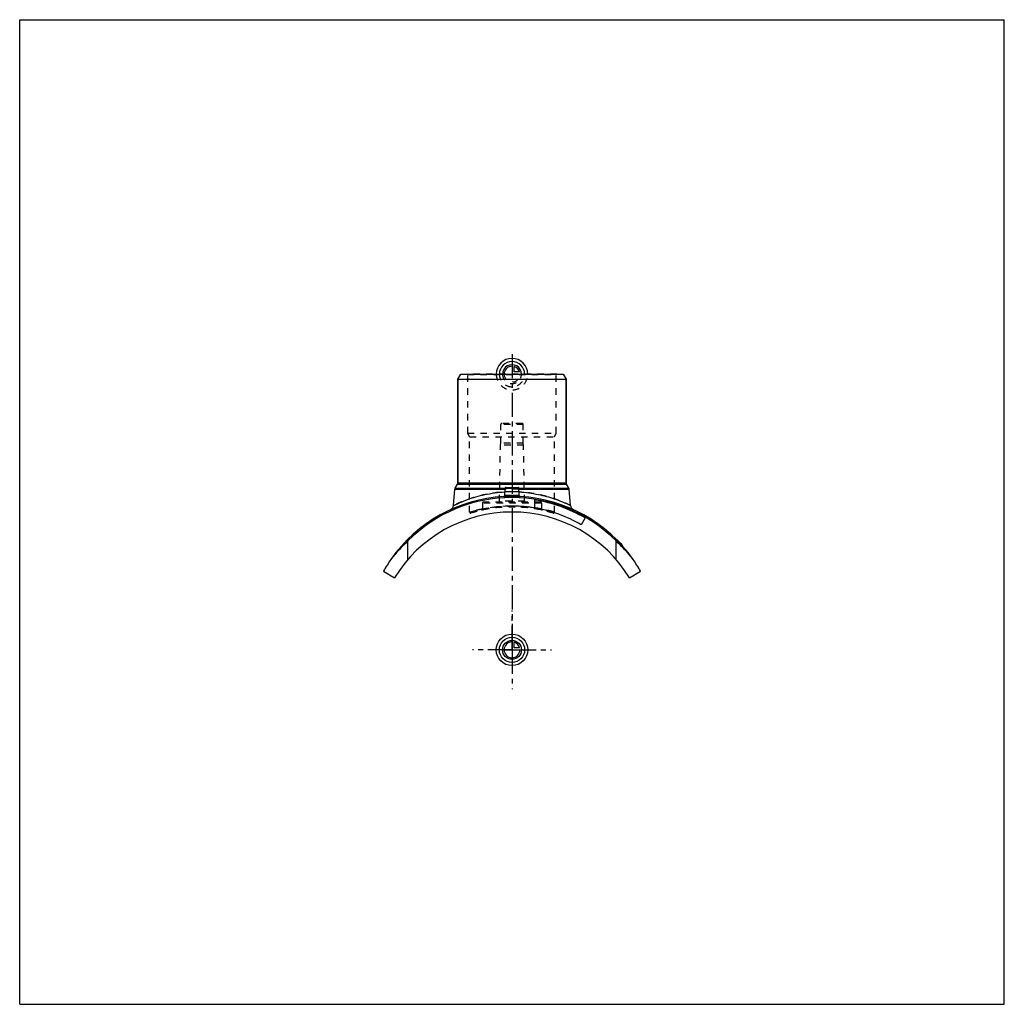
# Model space of a CAD drawing. Header units: millimetres. Extents: x 0 to 1000, y 0 to 1000.
import ezdxf

# ---------------------------------------------------------------- set-up
doc = ezdxf.new("R2010")
doc.units = ezdxf.units.MM
doc.header["$LTSCALE"] = 65.185185
doc.linetypes.add('CENTER', pattern=[0.6, 0.375, -0.075, 0.075, -0.075])
doc.linetypes.add('HIDDEN', pattern=[0.2, 0.1, -0.1])
doc.layers.get('0').update_dxf_attribs({"linetype": 'CONTINUOUS'})
for name, color, linetype in [('ACHSEN_S', 7, 'CONTINUOUS'), ('FASEN', 7, 'CONTINUOUS'), ('KOERPER', 7, 'CONTINUOUS'), ('KONST.EL_MIT_GEO', 7, 'CONTINUOUS'), ('KONSTR_EL', 7, 'CONTINUOUS'), ('KURVEN', 7, 'CONTINUOUS')]:
    doc.layers.add(name, color=color, linetype=linetype)

msp = doc.modelspace()

# ---------------------------------------------------------------- linework, layer by layer
at = {"color": 7, "linetype": 'Continuous'}
for p, q in [((0, 0), (0, 1000)), ((0, 1000), (1000, 1000)), ((1000, 0), (1000, 1000)), ((0, 0), (1000, 0))]:
    msp.add_line(p, q, dxfattribs=at)
at = {"layer": 'ACHSEN_S', "color": 2, "linetype": 'CENTER'}
msp.add_line((500, 660.2), (500, 339.8), dxfattribs=at)
at = {"layer": 'FASEN', "color": 7, "linetype": 'Continuous'}
for p, q in [((445, 635), (447.9, 640)), ((447.9, 640), (552.1, 640)), ((552.1, 640), (555, 635)), ((445, 635), (555, 635))]:
    msp.add_line(p, q, dxfattribs=at)
at = {"layer": 'KOERPER', "color": 7, "linetype": 'Continuous'}
for p, q in [((445, 529.7), (445, 635)), ((555, 529.7), (555, 635)), ((574.3, 494), (570.3, 487.1))]:
    msp.add_line(p, q, dxfattribs=at)
at = {"layer": 'KOERPER', "color": 8, "linetype": 'HIDDEN'}
for p, q in [((488.6, 570), (488.6, 589)), ((511.4, 570), (511.4, 589)), ((488.3, 568), (488.6, 570)), ((511.4, 570), (488.6, 570)), ((511.7, 568), (511.4, 570)), ((487.3, 511), (488.3, 568)), ((511.7, 568), (488.3, 568)), ((512.7, 511), (511.7, 568)), ((470, 509), (470, 502.7)), ((530, 509), (530, 502.7))]:
    msp.add_line(p, q, dxfattribs=at)
at = {"layer": 'KOERPER', "color": 2, "linetype": 'CENTER'}
for q in [(500, 400), (460, 360), (540, 360), (500, 320)]:
    msp.add_line((500, 360), q, dxfattribs=at)
at = {"layer": 'KONST.EL_MIT_GEO', "color": 8, "linetype": 'HIDDEN'}
for p, q in [((455, 639.5), (454.5, 640)), ((545.5, 640), (454.5, 640)), ((545, 639.5), (545.5, 640)), ((455, 580), (455, 639.5)), ((455, 639.5), (545, 639.5)), ((545, 580), (545, 639.5)), ((510.3, 590), (489.6, 590)), ((457, 576.5), (455, 580)), ((455, 580), (545, 580)), ((511.4, 589), (488.6, 589)), ((543, 576.5), (545, 580)), ((457, 499.8), (457, 576.5)), ((457, 576.5), (543, 576.5)), ((543, 499.8), (543, 576.5)), ((507.1, 523.3), (492.9, 523.3)), ((507, 524.3), (493, 524.3)), ((529, 510), (471, 510)), ((512.7, 511), (487.3, 511)), ((508.2, 515.8), (508.2, 515.8)), ((530, 509), (470, 509)), ((523.1, 504), (523.1, 504)), ((523.2, 504.2), (523.2, 504.2)), ((606.6, 471.5), (606.9, 471.7)), ((606.9, 471.7), (606.7, 471.5)), ((606.7, 471.4), (606.9, 471.6)), ((607, 471.1), (607.2, 471.3)), ((607.2, 470.9), (607.5, 471.1)), ((607.4, 470.7), (607.6, 470.9)), ((607.4, 470.7), (607.6, 470.9)), ((607.6, 470.6), (607.8, 470.8)), ((607.7, 470.4), (607.9, 470.6)), ((607.7, 470.4), (607.9, 470.6)), ((607.9, 470.2), (608.1, 470.4)), ((608, 470.1), (608.2, 470.3)), ((608.6, 469.4), (608.8, 469.6)), ((608.7, 469.4), (608.9, 469.6)), ((608.7, 469.3), (608.9, 469.5)), ((609, 469.1), (609.2, 469.3)), ((609.3, 468.7), (609.5, 468.9)), ((609.4, 468.6), (609.7, 468.8)), ((609.5, 468.5), (609.7, 468.7)), ((609.9, 468.1), (610.1, 468.3)), ((610, 467.9), (610.3, 468.1)), ((610.1, 467.9), (610.3, 468.1)), ((611, 466.9), (611.2, 467.1)), ((611.4, 466.5), (611.6, 466.7)), ((611.4, 466.4), (611.6, 466.6)), ((611.4, 466.4), (611.6, 466.6)), ((611.6, 466.3), (611.8, 466.5)), ((611.7, 466.1), (611.9, 466.3)), ((612, 465.8), (612.2, 466)), ((612, 465.8), (612.2, 466)), ((612, 465.7), (612.3, 465.9))]:
    msp.add_line(p, q, dxfattribs=at)
at = {"layer": 'KONST.EL_MIT_GEO', "color": 7, "linetype": 'Continuous'}
for p, q in [((445, 635), (445, 529.7)), ((555, 635), (555, 529.7)), ((440.5, 506.5), (442, 523.3)), ((442, 523.3), (492.9, 523.3)), ((442.3, 524.3), (444.7, 528.4)), ((442.3, 524.3), (493, 524.3)), ((444.7, 528.4), (555.3, 528.4)), ((445, 529.7), (555, 529.7)), ((492.6, 516.7), (493, 524.1)), ((493, 524.1), (507, 524.1)), ((493.9, 525), (506.1, 525)), ((507, 524.3), (557.7, 524.3)), ((507.4, 516.7), (507, 524.1)), ((507.1, 523.3), (558, 523.3)), ((557.7, 524.3), (555.3, 528.4)), ((559.5, 506.5), (558, 523.3)), ((523.2, 504.1), (523.2, 512.2)), ((559.4, 506.6), (559.5, 506.5)), ((606.5, 472), (606.3, 471.8)), ((606.5, 471.6), (606.7, 471.8)), ((611.7, 466.1), (612, 466.3)), ((612.3, 465.4), (612.6, 465.6))]:
    msp.add_line(p, q, dxfattribs=at)
for points in [[(491.9, 515.8), (491.8, 515.8), (491.7, 515.8)], [(492.6, 516.7), (492.6, 516.7), (492.5, 516.6), (492.5, 516.5), (492.5, 516.4), (492.5, 516.4), (492.4, 516.3), (492.4, 516.2), (492.4, 516.2), (492.3, 516.1), (492.3, 516), (492.2, 516), (492.1, 515.9), (492.1, 515.9), (492, 515.9), (491.9, 515.8), (491.9, 515.8)], [(508.1, 515.8), (508.1, 515.8), (508, 515.9), (507.9, 515.9), (507.9, 515.9), (507.8, 516), (507.7, 516), (507.7, 516.1), (507.6, 516.2), (507.6, 516.2), (507.6, 516.3), (507.5, 516.4), (507.5, 516.4), (507.5, 516.5), (507.5, 516.6), (507.4, 516.7), (507.4, 516.7)], [(508.3, 515.8), (508.2, 515.8), (508.1, 515.8)]]:
    msp.add_lwpolyline(points, dxfattribs=at)
at = {"layer": 'KONST.EL_MIT_GEO', "color": 8, "linetype": 'HIDDEN'}
for centre, radius, start, end in [((489.6, 589), 1, 90, 180), ((510.3, 589), 1, 0, 90), ((500, 389), 131.6, 90.0001, 93.156), ((500, 388.9), 131.6, 86.8448, 89.9991), ((471, 509), 1, 90, 180), ((486.3, 511), 1, 270, 359), ((500, 366), 150, 86.7985, 93.2015), ((508.4, 516.8), 0.995, 251.5747, 254.1064), ((513.7, 511), 1, 181, 270), ((529, 509), 1, 0, 90), ((500, 360), 145, 73.2814, 106.7186), ((469, 502.7), 1, 282.2589, 360), ((500, 353), 153, 81.2942, 101.3105), ((500, 369.2), 136.8, 80.2905, 89.9992), ((500, 353.3), 152.7, 78.6842, 81.2836), ((531, 502.7), 1, 180, 257.7411), ((458, 499.8), 1, 180, 286.7185), ((542, 499.8), 1, 253.2815, 360)]:
    msp.add_arc(centre, radius, start, end, dxfattribs=at)
at = {"layer": 'KONST.EL_MIT_GEO', "color": 7, "linetype": 'Continuous'}
for centre, radius, start, end in [((444.4, 523), 2.5, 150, 175), ((442.5, 529.7), 2.5, 330, 360), ((493.9, 524), 1, 90, 177), ((506.1, 524), 1, 3, 90), ((557.5, 529.7), 2.5, 180, 210), ((555.6, 523), 2.5, 5, 30), ((500, 366), 150, 93.2015, 145.0733), ((491.6, 516.8), 0.999, 273.2105, 356.9874), ((508.4, 516.8), 0.999, 183.0126, 266.7894), ((500, 366), 150, 34.9267, 86.7985), ((500, 366), 148, 59.85, 81), ((435.5, 506.9), 5, 294.5881, 355), ((500, 366), 140, 59.85, 80.4811), ((564.5, 506.9), 5, 185, 245.4119), ((500, 366), 150.3, 41.5, 44.8632)]:
    msp.add_arc(centre, radius, start, end, dxfattribs=at)
at = {"layer": 'KONST.EL_MIT_GEO', "color": 8, "linetype": 'HIDDEN'}
for points, knots in [([(500, 520.6), (492.4, 520.6), (481.3, 519.6), (467.4, 516.6), (458.6, 514), (452.2, 511.7), (447.9, 509.9), (445.3, 508.8), (443.3, 507.9), (442, 507.2), (441.2, 506.9), (440.8, 506.7), (440.6, 506.6), (440.5, 506.5)], [0, 0, 0, 0, 0.37067, 0.53974, 0.69047, 0.8177, 0.87077, 0.91576, 0.95188, 0.97837, 0.98778, 0.99455, 1, 1, 1, 1]), ([(559.5, 506.5), (559.5, 506.5), (559.5, 506.5), (559.4, 506.5), (559.3, 506.6), (559.2, 506.7), (559, 506.7), (558.7, 506.9), (558.3, 507.1), (557.6, 507.4), (556.8, 507.8), (555.9, 508.3), (554.3, 508.9), (552.1, 509.9), (549.1, 511.1), (545.6, 512.5), (540.3, 514.3), (532.6, 516.6), (522.5, 518.8), (511.5, 520.2), (503.9, 520.6), (500, 520.6)], [0, 0, 0, 0, 0.00034, 0.00136, 0.00307, 0.00545, 0.0085, 0.01222, 0.02163, 0.03361, 0.0481, 0.06499, 0.08421, 0.12919, 0.18223, 0.24255, 0.30943, 0.4601, 0.62912, 0.81113, 1, 1, 1, 1]), ([(500, 515.3), (499.5, 515.3), (498.4, 515.3), (496.8, 515.3), (495.4, 515.3), (494.2, 515.4), (493.1, 515.4), (492.4, 515.5), (491.9, 515.6), (491.7, 515.7), (491.6, 515.7), (491.6, 515.8)], [0, 0, 0, 0, 0.19335, 0.37919, 0.55038, 0.70038, 0.8236, 0.91566, 0.97383, 0.99028, 1, 1, 1, 1]), ([(500, 516.9), (499.5, 516.9), (498.6, 516.9), (497.2, 516.9), (495.9, 516.9), (495, 516.8), (494.3, 516.8), (493.8, 516.8), (493.5, 516.8), (493.2, 516.7), (492.9, 516.7), (492.8, 516.7), (492.7, 516.7), (492.7, 516.7), (492.6, 516.7), (492.6, 516.7), (492.6, 516.7), (492.6, 516.7)], [0, 0, 0, 0, 0.19486, 0.38225, 0.55503, 0.70658, 0.77253, 0.83106, 0.8816, 0.92366, 0.95681, 0.96994, 0.98072, 0.98914, 0.99517, 0.99879, 1, 1, 1, 1]), ([(492.6, 516.7), (492.6, 516.7), (492.6, 516.7), (492.6, 516.7), (492.7, 516.7), (492.7, 516.7), (492.8, 516.7), (492.9, 516.7), (493.2, 516.7), (493.5, 516.8), (493.8, 516.8), (494.3, 516.8), (494.8, 516.8), (495.3, 516.9), (496.1, 516.9), (497.2, 516.9), (498.6, 516.9), (499.5, 516.9), (500, 516.9)], [0, 0, 0, 0, 0.00121, 0.00483, 0.01086, 0.01928, 0.03006, 0.04319, 0.07634, 0.1184, 0.16894, 0.22747, 0.29342, 0.36615, 0.44497, 0.61775, 0.80514, 1, 1, 1, 1]), ([(500, 516.2), (499.5, 516.2), (498.6, 516.2), (497.2, 516.2), (495.9, 516.3), (494.8, 516.3), (494, 516.4), (493.5, 516.4), (493.2, 516.5), (492.9, 516.5), (492.7, 516.6), (492.6, 516.6), (492.6, 516.7), (492.6, 516.7)], [0, 0, 0, 0, 0.19297, 0.37853, 0.54958, 0.69956, 0.8228, 0.87294, 0.91483, 0.9482, 0.97299, 0.98958, 1, 1, 1, 1]), ([(507.4, 516.7), (507.4, 516.7), (507.4, 516.7), (507.4, 516.7), (507.3, 516.7), (507.3, 516.7), (507.2, 516.7), (507.1, 516.7), (506.8, 516.7), (506.5, 516.8), (506.2, 516.8), (505.7, 516.8), (505.2, 516.8), (504.7, 516.9), (503.9, 516.9), (502.8, 516.9), (501.4, 516.9), (500.5, 516.9), (500, 516.9)], [0, 0, 0, 0, 0.00121, 0.00483, 0.01086, 0.01928, 0.03006, 0.04319, 0.07634, 0.1184, 0.16894, 0.22747, 0.29342, 0.36615, 0.44497, 0.61775, 0.80514, 1, 1, 1, 1]), ([(500, 516.9), (500.5, 516.9), (501.4, 516.9), (502.8, 516.9), (504.1, 516.9), (505, 516.8), (505.7, 516.8), (506.2, 516.8), (506.5, 516.8), (506.8, 516.7), (507.1, 516.7), (507.2, 516.7), (507.3, 516.7), (507.3, 516.7), (507.4, 516.7), (507.4, 516.7), (507.4, 516.7), (507.4, 516.7)], [0, 0, 0, 0, 0.19486, 0.38225, 0.55503, 0.70658, 0.77253, 0.83106, 0.8816, 0.92366, 0.95681, 0.96994, 0.98072, 0.98914, 0.99517, 0.99879, 1, 1, 1, 1]), ([(457, 499.8), (457, 499.8), (457, 499.8), (457, 499.8), (457.1, 499.8), (457.1, 499.9), (457.2, 499.9), (457.3, 499.9), (457.5, 500), (457.9, 500.1), (458.3, 500.2), (458.9, 500.4), (459.6, 500.6), (460.3, 500.8), (461.2, 501), (462.5, 501.3), (464.4, 501.8), (466.9, 502.4), (469.7, 503), (472.8, 503.6), (476.1, 504.1), (479.7, 504.7), (484.9, 505.3), (491.7, 505.8), (500, 506.1), (508.3, 505.8), (515.1, 505.3), (520.3, 504.7), (523.9, 504.1), (527.2, 503.6), (530.3, 503), (533.1, 502.4), (535.6, 501.8), (537.5, 501.3), (538.8, 501), (539.7, 500.8), (540.4, 500.6), (541.1, 500.4), (541.7, 500.2), (542.1, 500.1), (542.5, 500), (542.7, 499.9), (542.8, 499.9), (542.9, 499.9), (542.9, 499.8), (543, 499.8), (543, 499.8), (543, 499.8), (543, 499.8)], [0, 0, 0, 0, 0.00016, 0.00035, 0.00063, 0.00141, 0.0025, 0.0039, 0.00562, 0.00996, 0.01552, 0.02227, 0.03019, 0.03925, 0.04942, 0.06068, 0.08629, 0.11578, 0.14886, 0.1852, 0.22445, 0.26627, 0.31029, 0.40329, 0.5, 0.59671, 0.68971, 0.73373, 0.77555, 0.8148, 0.85114, 0.88422, 0.91371, 0.93932, 0.95058, 0.96075, 0.96981, 0.97773, 0.98448, 0.99004, 0.99438, 0.9961, 0.9975, 0.99859, 0.99937, 0.99965, 0.99984, 1, 1, 1, 1]), ([(470, 503), (469, 502.8), (467.2, 502.4), (464.6, 501.9), (462.7, 501.4), (461.3, 501), (460.4, 500.8), (459.7, 500.6), (459, 500.4), (458.4, 500.2), (457.9, 500.1), (457.6, 500), (457.3, 499.9), (457.2, 499.9), (457.1, 499.9), (457.1, 499.8), (457, 499.8), (457, 499.8), (457, 499.8), (457, 499.8)], [0, 0, 0, 0, 0.22185, 0.41985, 0.59187, 0.6675, 0.7359, 0.79684, 0.85012, 0.89555, 0.93295, 0.9622, 0.97372, 0.98317, 0.99053, 0.99579, 0.99763, 0.99895, 1, 1, 1, 1]), ([(500, 506), (496.2, 506), (489.1, 505.7), (481.3, 504.8), (476.9, 504), (475.1, 503.7), (473.6, 503.4), (472.5, 503.2), (471.8, 503.1), (471.3, 503), (470.9, 502.9), (470.6, 502.8), (470.4, 502.7), (470.2, 502.7), (470.1, 502.7), (470, 502.7), (470, 502.7), (470, 502.7), (470, 502.7)], [0, 0, 0, 0, 0.38069, 0.70417, 0.77024, 0.82903, 0.87995, 0.92245, 0.94039, 0.95606, 0.96939, 0.98037, 0.98893, 0.99508, 0.99723, 0.99877, 0.99969, 1, 1, 1, 1]), ([(470, 502.7), (470, 502.7), (470.2, 502.7), (470.7, 502.8), (471.4, 503), (472.9, 503.3), (475.4, 503.8), (479, 504.4), (483.5, 505), (490.6, 505.8), (496.2, 506), (500, 506)], [0, 0, 0, 0, 0.00492, 0.01963, 0.04394, 0.07754, 0.17096, 0.29581, 0.44715, 0.61933, 1, 1, 1, 1]), ([(530, 502.7), (530, 502.7), (529.8, 502.7), (529.3, 502.8), (528.6, 503), (527.1, 503.3), (524.6, 503.8), (521, 504.4), (516.5, 505), (509.4, 505.8), (503.8, 506), (500, 506)], [0, 0, 0, 0, 0.00492, 0.01963, 0.04394, 0.07754, 0.17096, 0.29581, 0.44715, 0.61933, 1, 1, 1, 1]), ([(523.1, 504), (523.7, 503.9), (524.6, 503.8), (526, 503.5), (527.2, 503.3), (528.2, 503.1), (528.8, 502.9), (529.3, 502.8), (529.5, 502.8), (529.7, 502.7), (529.9, 502.7), (529.9, 502.7), (530, 502.7), (530, 502.7)], [0, 0, 0, 0, 0.22568, 0.42538, 0.59749, 0.74052, 0.85321, 0.89783, 0.93449, 0.9631, 0.98358, 0.99589, 1, 1, 1, 1]), ([(543, 499.8), (543, 499.8), (543, 499.8), (543, 499.8), (542.9, 499.8), (542.9, 499.9), (542.8, 499.9), (542.7, 499.9), (542.4, 500), (542.1, 500.1), (541.6, 500.2), (541, 500.4), (540.3, 500.6), (539.6, 500.8), (538.7, 501), (537.3, 501.4), (535.4, 501.9), (532.8, 502.4), (531, 502.8), (530, 503)], [0, 0, 0, 0, 0.00105, 0.00237, 0.00421, 0.00947, 0.01683, 0.02628, 0.0378, 0.06705, 0.10445, 0.14988, 0.20316, 0.2641, 0.3325, 0.40813, 0.58015, 0.77815, 1, 1, 1, 1])]:
    msp.add_open_spline(points, degree=3, knots=knots, dxfattribs=at)
at = {"layer": 'KONST.EL_MIT_GEO', "color": 7, "linetype": 'Continuous'}
for points, knots in [([(440.5, 506.5), (440.5, 506.5), (440.5, 506.5), (440.6, 506.5), (440.6, 506.6), (440.8, 506.6), (440.9, 506.7), (441.2, 506.8), (441.5, 507), (442.1, 507.3), (442.8, 507.6), (443.6, 508), (444.9, 508.6), (446.8, 509.5), (449.4, 510.5), (452.4, 511.7), (457.1, 513.5), (463.7, 515.6), (472.6, 517.8), (482.4, 519.5), (489.2, 520.2), (492.8, 520.4)], [0, 0, 0, 0, 0.00033, 0.00132, 0.00296, 0.00525, 0.0082, 0.01179, 0.02089, 0.03249, 0.04653, 0.06293, 0.08162, 0.12551, 0.17747, 0.23681, 0.30283, 0.45244, 0.62164, 0.80585, 1, 1, 1, 1]), ([(507.2, 520.4), (513.8, 520), (525.9, 518.4), (543.4, 513.6), (554.1, 509.2), (559.4, 506.6)], [0, 0, 0, 0, 0.36315, 0.67353, 1, 1, 1, 1]), ([(491.6, 515.8), (491.6, 515.8), (491.6, 515.7), (491.7, 515.7), (491.7, 515.7)], [0, 0, 0, 0, 0.19891, 1, 1, 1, 1]), ([(491.7, 515.7), (491.7, 515.6), (491.9, 515.6), (492.2, 515.5), (492.7, 515.5), (493.5, 515.4), (494.5, 515.3), (495.7, 515.3), (497.6, 515.3), (499, 515.3), (500, 515.3)], [0, 0, 0, 0, 0.01753, 0.04229, 0.11371, 0.21307, 0.33758, 0.48341, 0.64598, 1, 1, 1, 1]), ([(492.6, 516.7), (492.6, 516.7), (492.6, 516.6), (492.7, 516.6), (492.9, 516.5), (493.2, 516.5), (493.5, 516.4), (494, 516.4), (494.8, 516.3), (495.9, 516.3), (497.2, 516.2), (498.6, 516.2), (499.5, 516.2), (500, 516.2)], [0, 0, 0, 0, 0.01042, 0.02701, 0.0518, 0.08517, 0.12706, 0.1772, 0.30044, 0.45042, 0.62147, 0.80703, 1, 1, 1, 1]), ([(500, 516.2), (500.5, 516.2), (501.4, 516.2), (502.8, 516.2), (504.1, 516.3), (505.2, 516.3), (506, 516.4), (506.5, 516.4), (506.8, 516.5), (507.1, 516.5), (507.3, 516.6), (507.4, 516.6), (507.4, 516.7), (507.4, 516.7)], [0, 0, 0, 0, 0.19297, 0.37853, 0.54958, 0.69956, 0.8228, 0.87294, 0.91483, 0.9482, 0.97299, 0.98958, 1, 1, 1, 1]), ([(500, 515.3), (500.5, 515.3), (501.6, 515.3), (503.1, 515.3), (504.5, 515.3), (505.8, 515.4), (506.8, 515.4), (507.5, 515.5), (507.9, 515.6), (508.1, 515.6), (508.3, 515.7), (508.4, 515.7), (508.4, 515.7)], [0, 0, 0, 0, 0.19048, 0.37382, 0.5432, 0.69237, 0.81595, 0.90968, 0.94442, 0.97082, 0.98901, 1, 1, 1, 1])]:
    msp.add_open_spline(points, degree=3, knots=knots, dxfattribs=at)
at = {"layer": 'KONST.EL_MIT_GEO', "color": 8, "linetype": 'HIDDEN'}
msp.add_open_spline([(508.4, 515.8), (508.4, 515.8), (508.4, 515.8), (508.4, 515.7)], degree=3, dxfattribs=at)
at = {"layer": 'KONST.EL_MIT_GEO', "color": 7, "linetype": 'Continuous'}
msp.add_open_spline([(508.4, 515.7), (508.4, 515.8), (508.4, 515.8), (508.4, 515.8)], degree=3, dxfattribs=at)
at = {"layer": 'KONSTR_EL', "color": 7, "linetype": 'Continuous'}
for p, q in [((394.3, 451.8), (394.3, 470.6)), ((605.7, 451.8), (605.7, 470.6)), ((369.5, 440), (380.6, 433.1)), ((619.4, 433.1), (630.5, 440))]:
    msp.add_line(p, q, dxfattribs=at)
for centre, radius, start, end in [((500, 366), 148.7, 44.713, 135.287), ((500, 360), 140, 31.4954, 148.5046), ((497.8, 357.6), 153.2, 132.4668, 142.0176), ((501.9, 357.3), 153.6, 37.9957, 47.5199), ((500, 366), 150, 145.0733, 150.4592), ((500, 366), 150, 29.5408, 34.9267)]:
    msp.add_arc(centre, radius, start, end, dxfattribs=at)
at = {"layer": 'KONSTR_EL', "color": 8, "linetype": 'HIDDEN'}
for centre, radius, start, end in [((498.1, 357.3), 153.6, 132.4801, 142.0043), ((502.2, 357.6), 153.2, 37.9824, 47.5332)]:
    msp.add_arc(centre, radius, start, end, dxfattribs=at)
at = {"layer": 'KURVEN', "color": 8, "linetype": 'HIDDEN'}
msp.add_line((490.4, 640), (508, 640), dxfattribs=at)
at = {"layer": 'KURVEN', "color": 40, "linetype": 'Continuous'}
for p, q in [((500, 649.6), (500, 640)), ((502.2, 642.2), (502.2, 647.7)), ((507.7, 642.2), (502.2, 642.2)), ((490.4, 360), (508, 360)), ((500, 369.6), (500, 360)), ((502.2, 362.2), (502.2, 367.7)), ((507.7, 362.2), (502.2, 362.2))]:
    msp.add_line(p, q, dxfattribs=at)
for radius in [16, 12.8, 9.6]:
    msp.add_circle((500, 360), radius, dxfattribs=at)
for centre, radius, start, end in [((500, 640), 16, 0, 180), ((500, 640), 12.8, 0, 180), ((500, 640), 9.6, 0, 180.0001), ((500, 640), 8, 90, 180.0001), ((500, 640), 8, 15.962, 74.038), ((500, 360), 8, 90, 360), ((500, 360), 8, 15.962, 74.038)]:
    msp.add_arc(centre, radius, start, end, dxfattribs=at)
at = {"layer": 'KURVEN', "color": 8, "linetype": 'HIDDEN'}
for radius, start in [(16, 180), (12.8, 180), (9.6, 180.0001), (8, 180.0001)]:
    msp.add_arc((500, 640), radius, start, 360, dxfattribs=at)

doc.saveas('drawing.dxf')

________________

■ About this task ■
Find the word "KURVEN" in the entries above and gather every line that holds it.

■ Exercise result ■
for name, color, linetype in [('ACHSEN_S', 7, 'CONTINUOUS'), ('FASEN', 7, 'CONTINUOUS'), ('KOERPER', 7, 'CONTINUOUS'), ('KONST.EL_MIT_GEO', 7, 'CONTINUOUS'), ('KONSTR_EL', 7, 'CONTINUOUS'), ('KURVEN', 7, 'CONTINUOUS')]:
at = {"layer": 'KURVEN', "color": 8, "linetype": 'HIDDEN'}
at = {"layer": 'KURVEN', "color": 40, "linetype": 'Continuous'}
at = {"layer": 'KURVEN', "color": 8, "linetype": 'HIDDEN'}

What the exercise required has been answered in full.